“Why doesn’t Nathan just tell him to fuck off?”
Cam raises his shoulders and drops them in a shrug. “I don’t ask. But that’s something you and Nathan have in common if that’ll make this whole partner thing a little easier.”
A laugh of disbelief bubbles up my throat. “Okay, I’m not going to bond with Nathan over our mutual dislike for our parents.”
Cam’s fishing. He’s leaning in closer, the casual remark he’s just made laced with intent. He’s well aware of the bait he just cast—wanting me to bite and tell him that Nathan and I are actually getting on better than I thought we would.
It’s a strange situation.
I no longer feel like Nathan wants to stick forks into his eyes when he’s around me, but there’s still a strange, charged energy in the air when we’re around each other.
I feel uncertain.
Uncertain because I definitely check him out like a friend shouldn't.
Uncertain because I want to learn more about his father and his struggles. Not because I’m being nosy, but because I actually want to understand him.
Uncertain because whenever I see him shirtless, I imagine myself running my hands down his chiselled abs with his lips latched onto my neck.
My body begins to pulse, and my mouth goes dry. I need to change the subject, but Cam beats me to it.
“It was Dad’s birthday the other day.” He says it as if I’d forgotten.
I wonder what he did to celebrate. Stay in and order himself takeout? Hit the club and party with a bunch of strangers? Or maybe he spent it with his new family… the new family I sometimes convince myself he’s found.
“Cam… are you happy without dad?”
My brother immediately tenses up. His Adam’s apple bobs up and down as he swallows, but I can practically see the frog stuck in his throat, refusing to move.

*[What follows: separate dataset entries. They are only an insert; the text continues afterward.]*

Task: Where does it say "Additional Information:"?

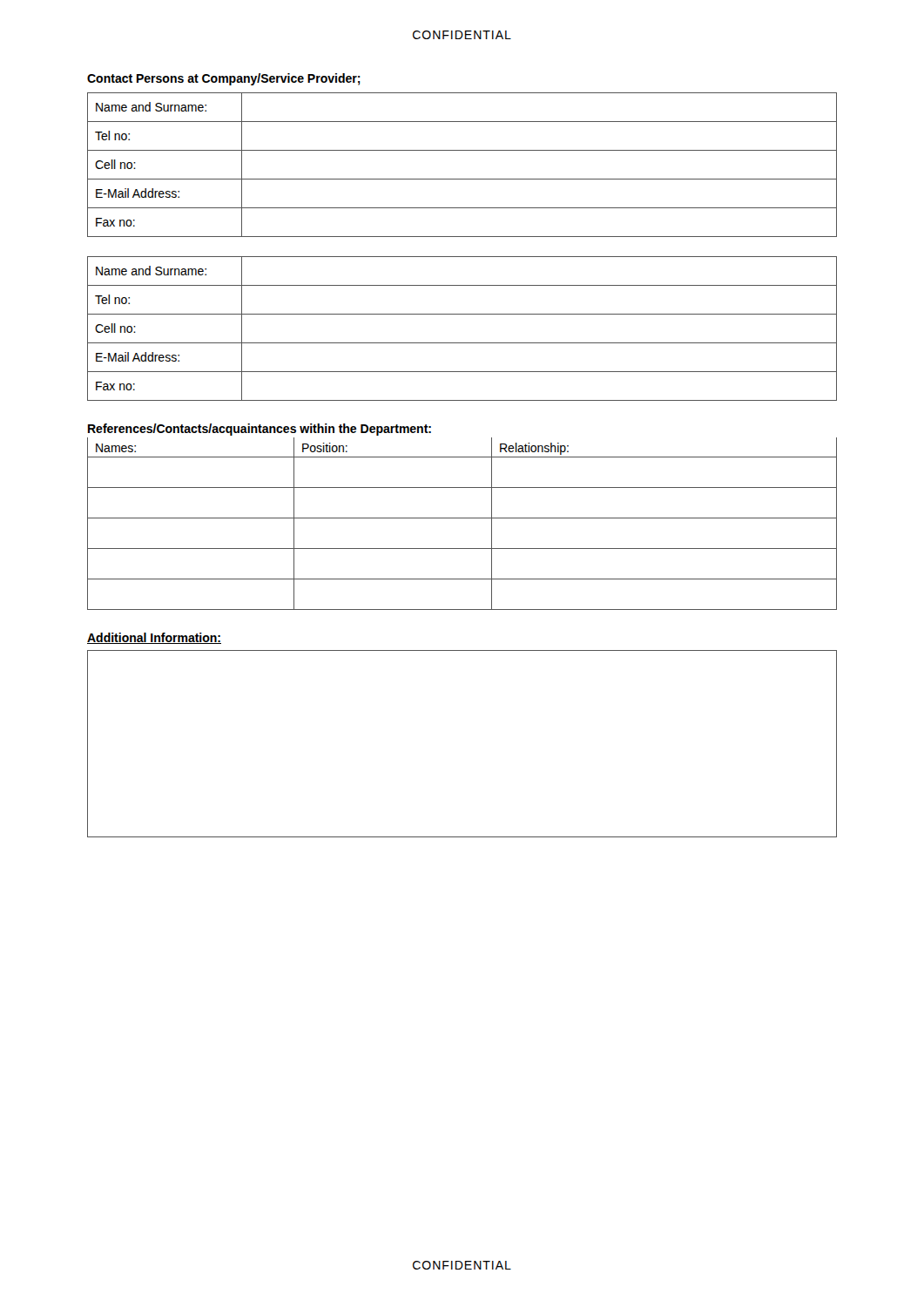Action: 154,638
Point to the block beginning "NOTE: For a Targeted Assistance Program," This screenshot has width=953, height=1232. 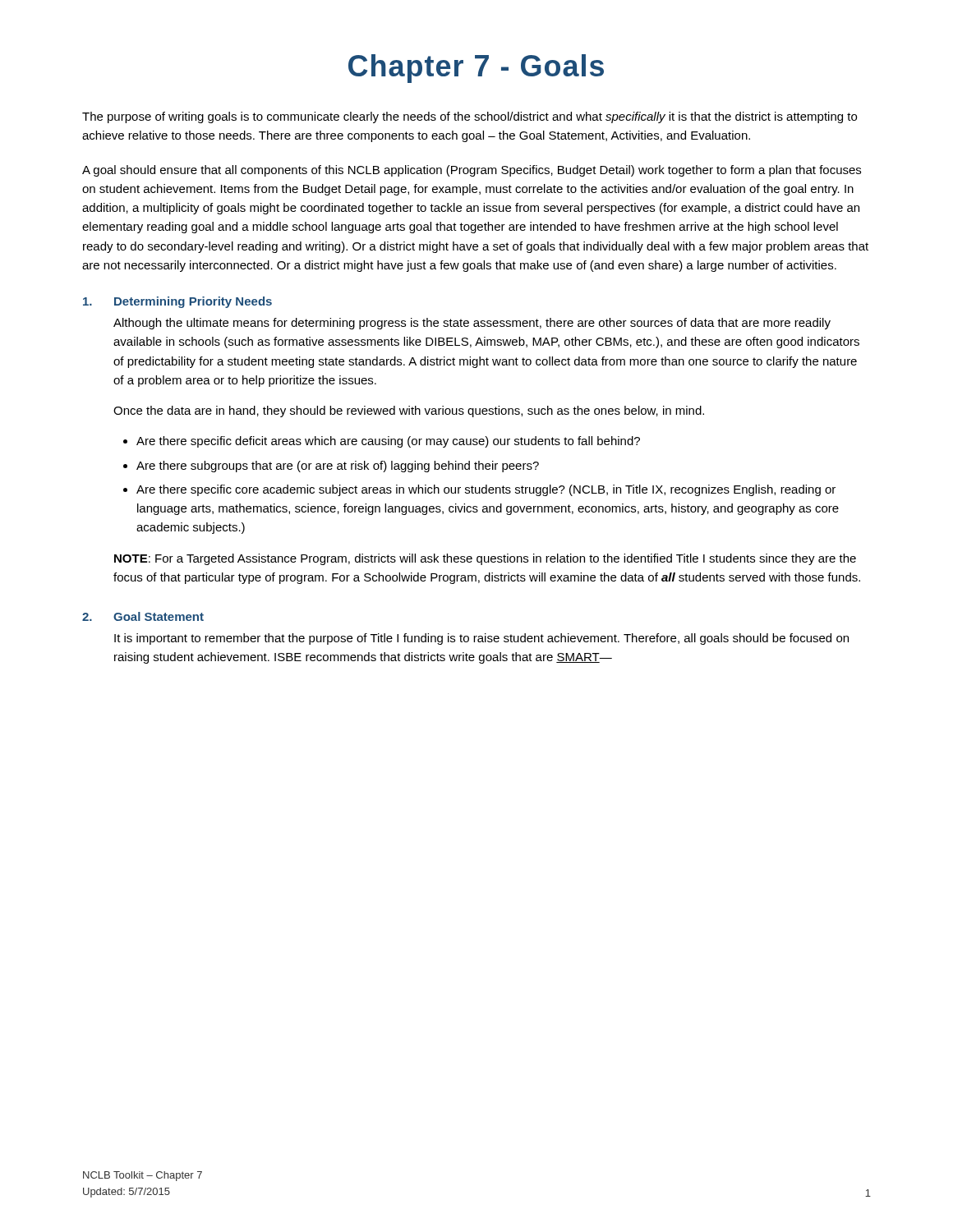click(x=487, y=567)
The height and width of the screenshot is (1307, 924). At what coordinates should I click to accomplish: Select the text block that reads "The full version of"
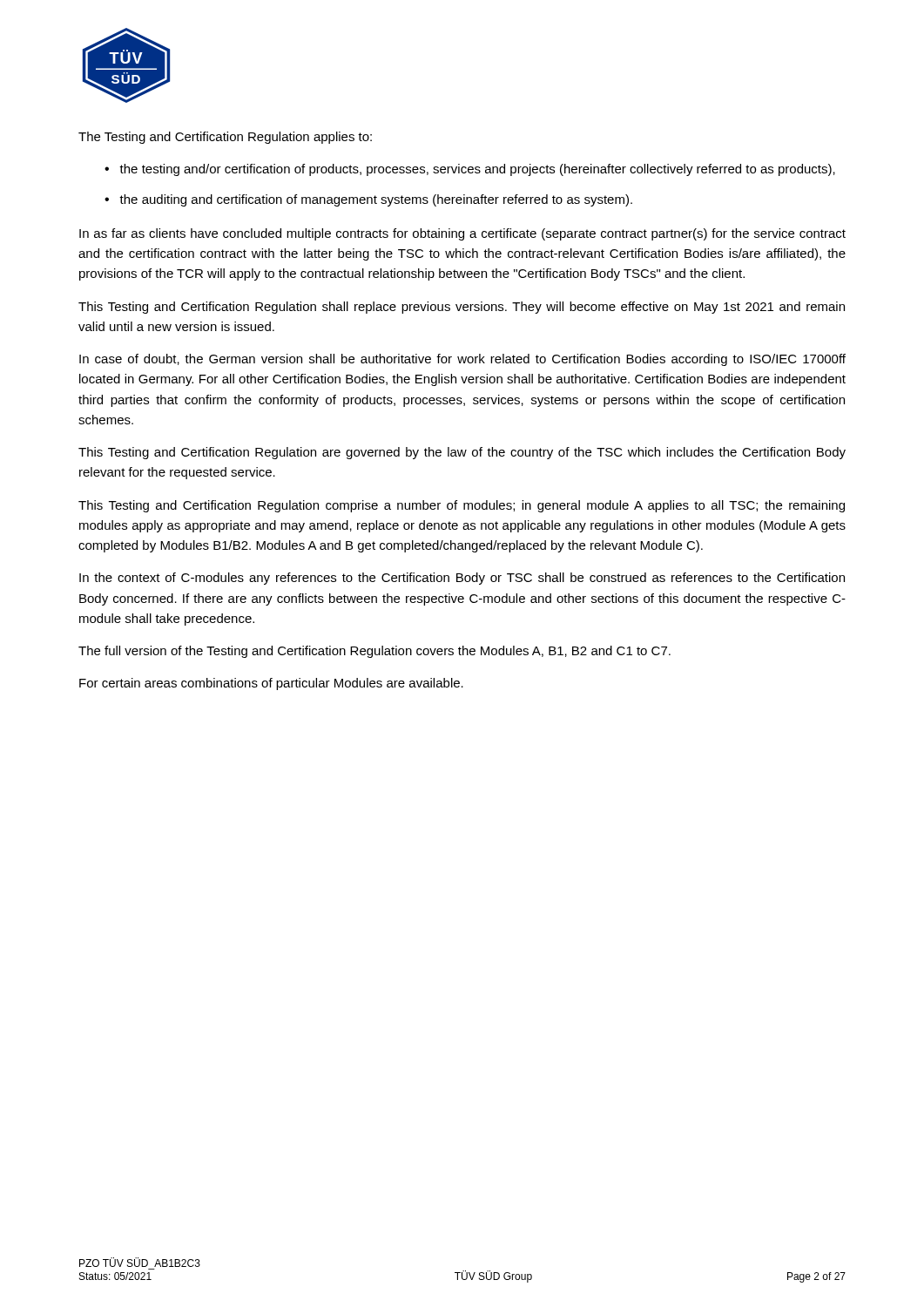click(375, 651)
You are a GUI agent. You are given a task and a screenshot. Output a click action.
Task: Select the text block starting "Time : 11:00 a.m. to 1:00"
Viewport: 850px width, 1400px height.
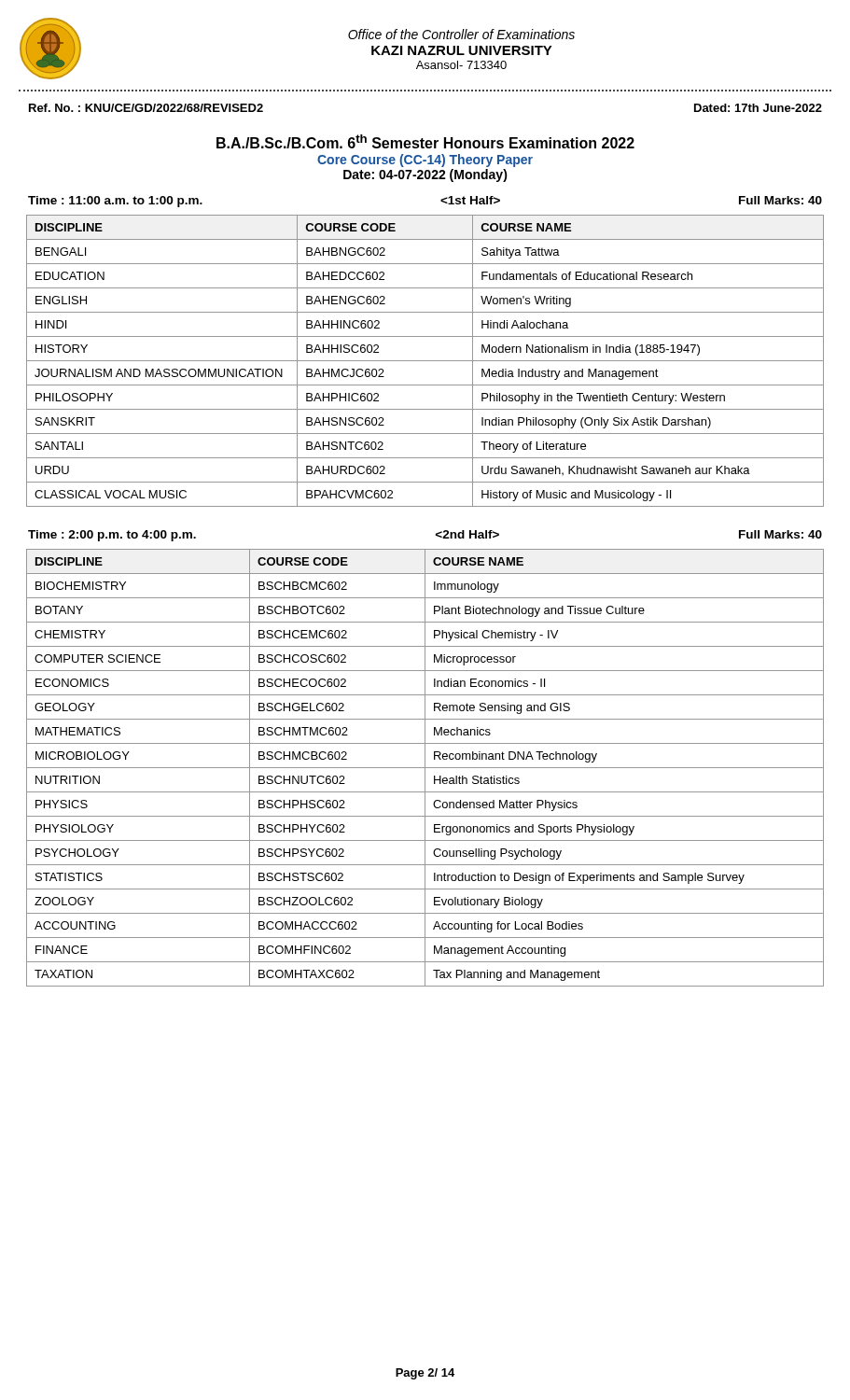click(120, 201)

Our father leaving isn’t a topic we tip-toe around like our mother, but it’s not something we speak about often either. There’s no need—not when neither of us knows where he is or how he’s doing. We mention him casually, but I haven’t flat-out asked Cam how he’s coping with it for years.
“I think there’ll always be a part of me that could be happier with him around.”
I scowl. “You say that like we’re never going to see him again.”
Cam sighs, nervously fiddling with his flannel shirt. “Mae-Mae, he was sick. It wasn’t safe for us. I think we need to accept that sometimes, you can’t help everybody.”
My nose stings, and I rub at it in discomfort. “He’s helping himself. That’s why he left. He has to come back at some point.”
I’m not an idiot, though. I know I’m living in denial, but it hurts less.
My phone interrupts our moment by ringing in my lap, seeming to snap Cam out of his gloomy trance. He clears his throat, gesturing for me to answer it.
I groan at my mom’s name.
She never calls me, so it must be important.
“Hello?”
I immediately pick up on the thick and bitter aura she emits from her end. “Sophia isn’t going to make it to the next game because of her honeymoon, so you’re on.” She releases a grumpy huff. “Don’t mess this up for me, Mae.”
I clutch the phone in my clammy hand.
For some reason, I’m perfectly calm and collected when performing CPR on a dying dog or watching a very risky surgery that could cause a cat to bleed out in seconds. But the thought of getting out and dancing in front of millions of people for a stupid football game frightens the fuck out of me.
Especially because my mom’s making me feel like the weight of the world is on my shoulders.
“Have you ever walked a dog before?” I ask Nathan with a frown as he clutches the dog leash in hand—as if it’s utterly foreign to him—by the door of the animal shelter, the mud-covered fabric staining his palms. I imagine having something other than a football in his hands is strange.